RECORDS SUPPLIED: Begin

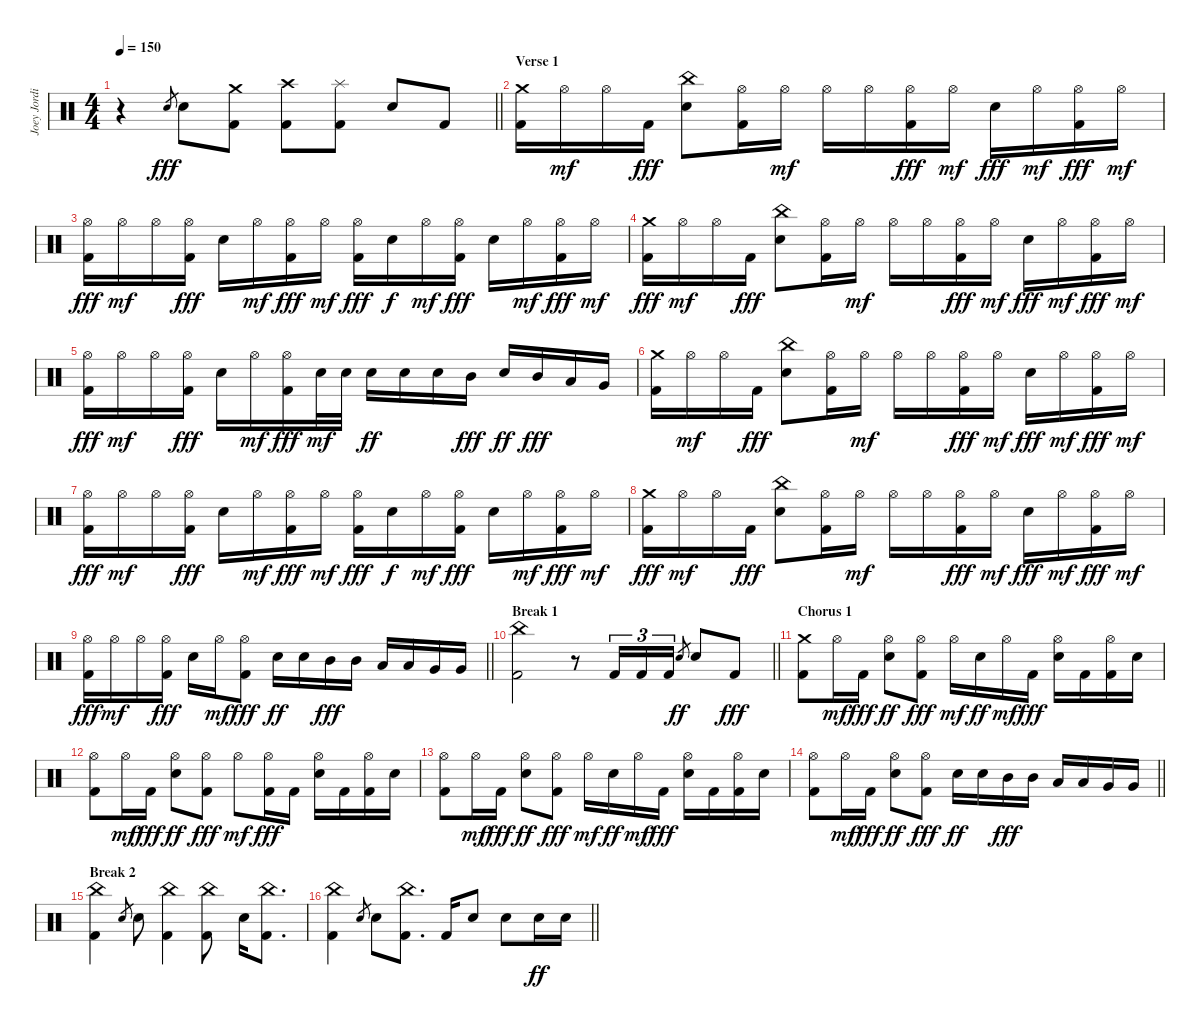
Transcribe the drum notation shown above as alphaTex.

\track ("Joey Jordison" "Joey Jordi") {instrument percussion}
\staff {score}
\articulation defaults
\ts (4 4)
\tempo 150
\clef neutral
\barLineRight lightlight
\ks c
r.4{dy fff} "Electric Snare (hit)".8{gr} "Electric Snare (hit)".8 ("Crash medium (hit)" "Kick (hit) 2").8 ("Crash high (hit)" "Kick (hit) 2").8 ("Splash (hit)" "Kick (hit) 2").8 "Electric Snare (hit)".8 "Kick (hit) 2".8 |
\section ("" "Verse 1")
("Crash medium (hit)" "Kick (hit) 2").16 "Hi-Hat (open)".16{dy mf} "Hi-Hat (open)".16 "Kick (hit) 2".16{dy fff} ("China (hit)" "Electric Snare (hit)").8 ("Hi-Hat (open)" "Kick (hit) 2").16 "Hi-Hat (open)".16{dy mf} "Hi-Hat (open)".16 "Hi-Hat (open)".16 ("Hi-Hat (open)" "Kick (hit) 2").16{dy fff} "Hi-Hat (open)".16{dy mf} "Electric Snare (hit)".16{dy fff} "Hi-Hat (open)".16{dy mf} ("Hi-Hat (open)" "Kick (hit) 2").16{dy fff} "Hi-Hat (open)".16{dy mf} |
("Hi-Hat (open)" "Kick (hit) 2").16{dy fff} "Hi-Hat (open)".16{dy mf} "Hi-Hat (open)".16 ("Hi-Hat (open)" "Kick (hit) 2").16{dy fff} "Electric Snare (hit)".16 "Hi-Hat (open)".16{dy mf} ("Hi-Hat (open)" "Kick (hit) 2").16{dy fff} "Hi-Hat (open)".16{dy mf} ("Hi-Hat (open)" "Kick (hit) 2").16{dy fff} "Electric Snare (hit)".16{dy f} "Hi-Hat (open)".16{dy mf} ("Hi-Hat (open)" "Kick (hit) 2").16{dy fff} "Electric Snare (hit)".16 "Hi-Hat (open)".16{dy mf} ("Hi-Hat (open)" "Kick (hit) 2").16{dy fff} "Hi-Hat (open)".16{dy mf} |
("Crash medium (hit)" "Kick (hit) 2").16{dy fff} "Hi-Hat (open)".16{dy mf} "Hi-Hat (open)".16 "Kick (hit) 2".16{dy fff} ("China (hit)" "Electric Snare (hit)").8 ("Hi-Hat (open)" "Kick (hit) 2").16 "Hi-Hat (open)".16{dy mf} "Hi-Hat (open)".16 "Hi-Hat (open)".16 ("Hi-Hat (open)" "Kick (hit) 2").16{dy fff} "Hi-Hat (open)".16{dy mf} "Electric Snare (hit)".16{dy fff} "Hi-Hat (open)".16{dy mf} ("Hi-Hat (open)" "Kick (hit) 2").16{dy fff} "Hi-Hat (open)".16{dy mf} |
("Hi-Hat (open)" "Kick (hit) 2").16{dy fff} "Hi-Hat (open)".16{dy mf} "Hi-Hat (open)".16 ("Hi-Hat (open)" "Kick (hit) 2").16{dy fff} "Electric Snare (hit)".16 "Hi-Hat (open)".16{dy mf} ("Hi-Hat (open)" "Kick (hit) 2").16{dy fff} "Electric Snare (hit)".32{dy mf} "Electric Snare (hit)".32 "Electric Snare (hit)".16{dy ff} "Electric Snare (hit)".16 "Electric Snare (hit)".16 "Mid Tom (hit)".16{dy fff} "Electric Snare (hit)".16{dy ff} "Mid Tom (hit)".16{dy fff} "Low Tom (hit)".16 "Very Low Tom (hit)".16 |
("Crash medium (hit)" "Kick (hit) 2").16 "Hi-Hat (open)".16{dy mf} "Hi-Hat (open)".16 "Kick (hit) 2".16{dy fff} ("China (hit)" "Electric Snare (hit)").8 ("Hi-Hat (open)" "Kick (hit) 2").16 "Hi-Hat (open)".16{dy mf} "Hi-Hat (open)".16 "Hi-Hat (open)".16 ("Hi-Hat (open)" "Kick (hit) 2").16{dy fff} "Hi-Hat (open)".16{dy mf} "Electric Snare (hit)".16{dy fff} "Hi-Hat (open)".16{dy mf} ("Hi-Hat (open)" "Kick (hit) 2").16{dy fff} "Hi-Hat (open)".16{dy mf} |
("Hi-Hat (open)" "Kick (hit) 2").16{dy fff} "Hi-Hat (open)".16{dy mf} "Hi-Hat (open)".16 ("Hi-Hat (open)" "Kick (hit) 2").16{dy fff} "Electric Snare (hit)".16 "Hi-Hat (open)".16{dy mf} ("Hi-Hat (open)" "Kick (hit) 2").16{dy fff} "Hi-Hat (open)".16{dy mf} ("Hi-Hat (open)" "Kick (hit) 2").16{dy fff} "Electric Snare (hit)".16{dy f} "Hi-Hat (open)".16{dy mf} ("Hi-Hat (open)" "Kick (hit) 2").16{dy fff} "Electric Snare (hit)".16 "Hi-Hat (open)".16{dy mf} ("Hi-Hat (open)" "Kick (hit) 2").16{dy fff} "Hi-Hat (open)".16{dy mf} |
("Crash medium (hit)" "Kick (hit) 2").16{dy fff} "Hi-Hat (open)".16{dy mf} "Hi-Hat (open)".16 "Kick (hit) 2".16{dy fff} ("China (hit)" "Electric Snare (hit)").8 ("Hi-Hat (open)" "Kick (hit) 2").16 "Hi-Hat (open)".16{dy mf} "Hi-Hat (open)".16 "Hi-Hat (open)".16 ("Hi-Hat (open)" "Kick (hit) 2").16{dy fff} "Hi-Hat (open)".16{dy mf} "Electric Snare (hit)".16{dy fff} "Hi-Hat (open)".16{dy mf} ("Hi-Hat (open)" "Kick (hit) 2").16{dy fff} "Hi-Hat (open)".16{dy mf} |
\barLineRight lightlight
("Hi-Hat (open)" "Kick (hit) 2").16{dy fff} "Hi-Hat (open)".16{dy mf} "Hi-Hat (open)".16 ("Hi-Hat (open)" "Kick (hit) 2").16{dy fff} "Electric Snare (hit)".16 "Hi-Hat (open)".16{dy mf} ("Hi-Hat (open)" "Kick (hit) 2").8{dy fff} "Electric Snare (hit)".16{dy ff} "Electric Snare (hit)".16 "Mid Tom (hit)".16{dy fff} "Mid Tom (hit)".16 "Low Tom (hit)".16 "Low Tom (hit)".16 "Very Low Tom (hit)".16 "Very Low Tom (hit)".16 |
\section ("" "Break 1")
\barLineRight lightlight
("China (hit)" "Kick (hit) 2").2 r.8 "Kick (hit) 2".16{tu (3 2)} "Kick (hit) 2".16{tu (3 2)} "Kick (hit) 2".16{tu (3 2)} "Electric Snare (hit)".8{gr dy ff} "Electric Snare (hit)".8 "Kick (hit) 2".8{dy fff} |
\section ("" "Chorus 1")
("Crash medium (hit)" "Kick (hit) 2").8 "Hi-Hat (open)".16{dy mf} "Kick (hit) 2".16{dy fff} ("Hi-Hat (open)" "Electric Snare (hit)").8{dy ff} ("Hi-Hat (open)" "Kick (hit) 2").8{dy fff} "Hi-Hat (open)".16{dy mf} "Electric Snare (hit)".16{dy ff} "Hi-Hat (open)".16{dy mf} "Kick (hit) 2".16{dy fff} ("Hi-Hat (open)" "Electric Snare (hit)").16 "Kick (hit) 2".16 ("Hi-Hat (open)" "Kick (hit) 2").16 "Electric Snare (hit)".16 |
("Hi-Hat (open)" "Kick (hit) 2").8 "Hi-Hat (open)".16{dy mf} "Kick (hit) 2".16{dy fff} ("Hi-Hat (open)" "Electric Snare (hit)").8{dy ff} ("Hi-Hat (open)" "Kick (hit) 2").8{dy fff} "Hi-Hat (open)".8{dy mf} ("Hi-Hat (open)" "Kick (hit) 2").16{dy fff} "Kick (hit) 2".16 ("Hi-Hat (open)" "Electric Snare (hit)").16 "Kick (hit) 2".16 ("Hi-Hat (open)" "Kick (hit) 2").16 "Electric Snare (hit)".16 |
("Hi-Hat (open)" "Kick (hit) 2").8 "Hi-Hat (open)".16{dy mf} "Kick (hit) 2".16{dy fff} ("Hi-Hat (open)" "Electric Snare (hit)").8{dy ff} ("Hi-Hat (open)" "Kick (hit) 2").8{dy fff} "Hi-Hat (open)".16{dy mf} "Electric Snare (hit)".16{dy ff} "Hi-Hat (open)".16{dy mf} "Kick (hit) 2".16{dy fff} ("Hi-Hat (open)" "Electric Snare (hit)").16 "Kick (hit) 2".16 ("Hi-Hat (open)" "Kick (hit) 2").16 "Electric Snare (hit)".16 |
\barLineRight lightlight
("Hi-Hat (open)" "Kick (hit) 2").8 "Hi-Hat (open)".16{dy mf} "Kick (hit) 2".16{dy fff} ("Hi-Hat (open)" "Electric Snare (hit)").8{dy ff} ("Hi-Hat (open)" "Kick (hit) 2").8{dy fff} "Electric Snare (hit)".16{dy ff} "Electric Snare (hit)".16 "Mid Tom (hit)".16{dy fff} "Mid Tom (hit)".16 "Low Tom (hit)".16 "Low Tom (hit)".16 "Very Low Tom (hit)".16 "Very Low Tom (hit)".16 |
\section ("" "Break 2")
("China (hit)" "Kick (hit) 2").4 "Electric Snare (hit)".8{gr} "Electric Snare (hit)".8 ("China (hit)" "Kick (hit) 2").4 ("China (hit)" "Kick (hit) 2").8 "Electric Snare (hit)".16 ("China (hit)" "Kick (hit) 2").8{d} |
\barLineRight lightlight
("China (hit)" "Kick (hit) 2").4 "Electric Snare (hit)".8{gr} "Electric Snare (hit)".8 ("China (hit)" "Kick (hit) 2").8{d} "Kick (hit) 2".16 "Electric Snare (hit)".8 "Electric Snare (hit)".8 "Electric Snare (hit)".16{dy ff} "Electric Snare (hit)".16

RECORDS SUPPLIED: End

**WORK INSTRUCTIONS:** Show all lines in the entries above where the string "section" appears.

**SOLVED PROBLEM:**
\section ("" "Verse 1")
\section ("" "Break 1")
\section ("" "Chorus 1")
\section ("" "Break 2")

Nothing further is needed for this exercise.